'A state above the state'
Former prime minister Nawaz Sharif has said he would return to Pakistan this week despite being sentenced in absentia to 10 years in prison by a corruption court there.
"Despite seeing the bars of prison in front of my eyes, I am going to Pakistan," he told a conference of his Pakistan Muslim League-Nawaz (PML-N) party in London.
"Put Nawaz Sharif in prison for life, send him to the gallows but you will have to answer the questions that the people of Pakistan are asking and they will stop only after getting answers," he said to cheering from supporters on Wednesday.
Sharif also alluded to the power of Pakistan's security establishment, saying: "There was a time when we used to say a state within a state, now it's a state above the state".

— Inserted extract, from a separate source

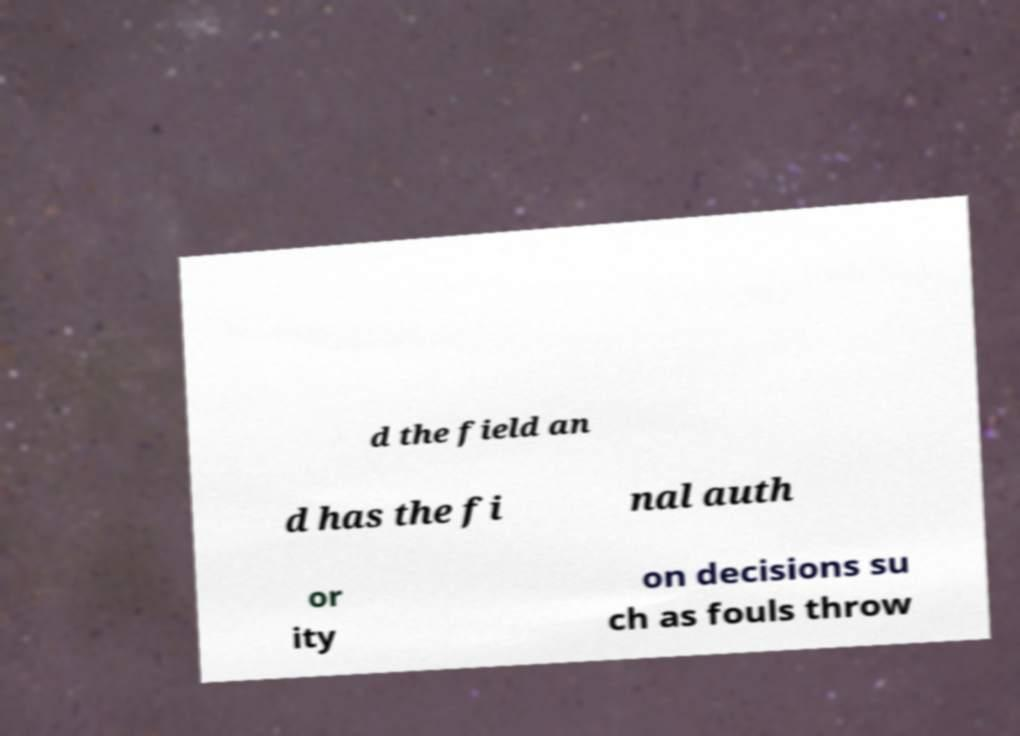Please read and relay the text visible in this image. What does it say? d the field an d has the fi nal auth or ity on decisions su ch as fouls throw

At the conference, held in the ballroom of the Grosvenor House hotel in central London's plush Mayfair district, one man held a placard reading: "Leave democracy alone".
Attendees chanted "Nawaz Sharif, We Love You!" as he concluded his speech.
Sharif was sentenced by a court in Islamabad last week over the purchase of high-end properties in London.
He was ousted from his third term as prime minister by the Supreme Court last year following a corruption investigation and banned from politics for life but remains a powerful symbol for his ruling party.
Sharif was scheduled to leave London yesterday and arrive in Lahore in Pakistan at around 0600 or 0700 GMT.
Meanwhile, Pakistani police detained hundreds of members of the former ruling party in the central city of Lahore yesterday, weeks before the country heads to the polls, party officials said.